6nam

Nikodemus Yudho Sulistyo
Chapter #22

Rumah Hantu

Teriakan keceriaan meletup-letup dari para gadis. Kumang dan Felisia Setyarini berputar-putar bahagia melihat warna-warni cat wahana dan beragam stand hiburan serta makanan. Sakti Soeryati tertawa sumringah sedangkan Andini Sekartaji tersenyum malu-malu.

Ada roller coaster yang tidak terlalu tinggi dan rumit, tapi terlihat cukup menegangkan. Ada komidi putar, bianglala, kora-kora alias perahu ayun, sampai wahana tornado. Tidak menunggu waktu lama bagi para sahabat ini untuk ribut memilih wahana yang akan mereka nikmati.

Roller coaster adalah wahana yang paling pertama mereka coba dan Felisia Setyarini adalah anggota yang paling penakut diantara mereka. Kanigara Gatra lah yang kemudian duduk di samping gadis itu. “Tenang, kita seru-seruan,” ujar Kanigara Gatra pendek. Felisia Setyarini tersenyum lebar, merasa tenang bahwa Kanigara Gatra berada di sampingnya meski detak jantungnya tetap berpacu liar saking takutnya.

Steven Ongadri mendapatkan kesempatan duduk bersebelahan dengan Kumang. Alasannya jelas, bagi Sakti Soeryati, sang pacar, ini penting agar tidak ada anggota pelarian ini yang menyadari hubungan mereka. Mana tahu kelak Sakti Soeryati latah menjadi manja bila berada di samping pacar gelapnya itu. Bagi Steven Ongadri sendiri, kesempatan emas ini tentu tak mungkin dibuang percuma. Perasaannya kepada Kumang memang sudah murni berubah dan terjun bebas ke arah asmara.
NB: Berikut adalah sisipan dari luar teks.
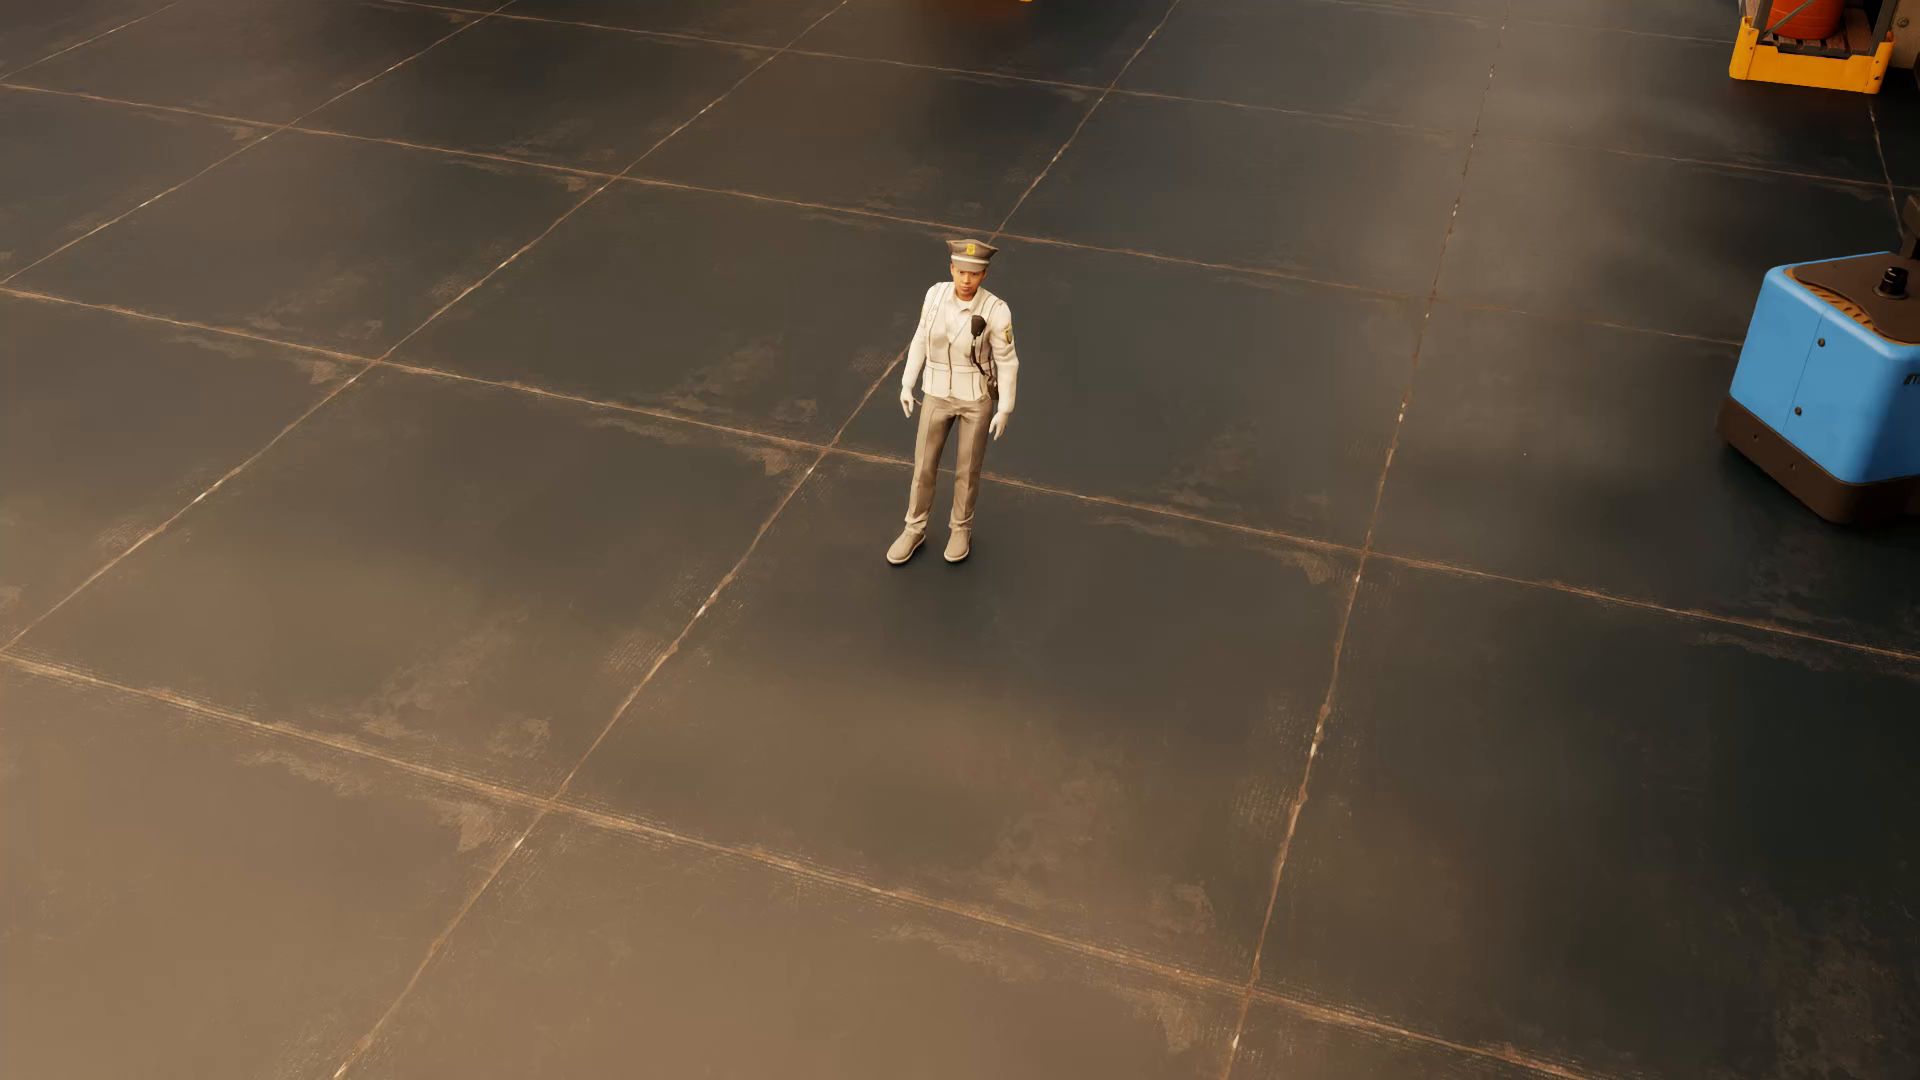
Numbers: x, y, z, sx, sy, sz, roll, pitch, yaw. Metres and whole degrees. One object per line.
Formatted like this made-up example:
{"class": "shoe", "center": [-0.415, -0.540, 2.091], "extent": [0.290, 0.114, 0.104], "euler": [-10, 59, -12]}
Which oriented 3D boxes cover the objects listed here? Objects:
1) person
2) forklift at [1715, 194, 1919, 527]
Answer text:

Nah, tinggal Sakti Soeryati yang harus duduk di paling belakang rombongan sahabatnya. Ia menengok ke bangku wahana di sampingnya, Andini Sekartaji duduk di sana dengan wajah dingin hampir tanpa ekspresi. Selama hidup, Andini Sekartaji tak mudah takut dengan hal-hal semacam ini. Dulu, sahabat-sahabatnya sering kesal bila mereka menonton film horor bersama karena ia tak pernah terlihat ketakutan atau berteriak sedemikian rupa seperti perempuan pada umumnya. “Kamu ini cewek bukan sih, batu banget?” ujar Steven Ongadri suatu saat. Ia kesal karena bersama Kanigara Gatra, keduanya telah mencari film terhoror yang bisa mereka ajukan untuk ditonton, tapi gadis itu bergeming. Andini Sekartaji tertawa melihat respon Steven Ongadri itu, bukan karena puas menunjukkan keberaniannya, tapi karena geli melihat reaksi kesal kedua sahabatnya itu.

Melihat pandangan Sakti Soeryati, Andini Sekartaji tersenyum.

Masih ada rombongan orang yang datang untuk ikut menaiki wahana dan mencari lokasi tempat duduk yang masih kosong. Satu gadis mendadak mendekat ke arah dimana Sakti Soeryati duduk. Ia melihat ke arah dimana Andini Sekartaji duduk lalu pandangannya berserobok dengan tatapan Sakti Soeryati yang memandangnya tajam dengan mimik wajah galak dan tak bersahabat. Hanya dalam waktu sepersekian detik, gadis itu pergi dan mencari tempat duduk kosong lainnya. “Heran, bisa-bisanya mau duduk di sini,” gumam Sakti Soeryati dengan sebal.

Kembali Andini Sekartaji tersenyum.

Roda roller coaster bergulir di rel. Wahana itu langsung meluncur dengan laju, menaikturunkan tubuh-tubuh terikat sabuk pengaman di atasnya. Felisia Setyarini berteriak sekuatnya dari kerongkongannya. Tangannya menggenggam tangan Kanigara Gatra erat. Di belakangnya, Kumang melakukan hal yang sama kepada Steven Ongadri, secara otomatis. Tidak hanya itu, Kumang juga menyandarkan kepalanya yang sempurna itu ke bahu Steven Ongadri karena ketegangan yang terjadi, lagi-lagi hanya secara otomatis, bukannya disengaja. Sakti Soeryati, tak ada yang bisa dilakukannya selain berteriak sendirian dan memegang wahana sekuat mungkin. Andini Sekartaji duduk diam hampir tak ada emosi.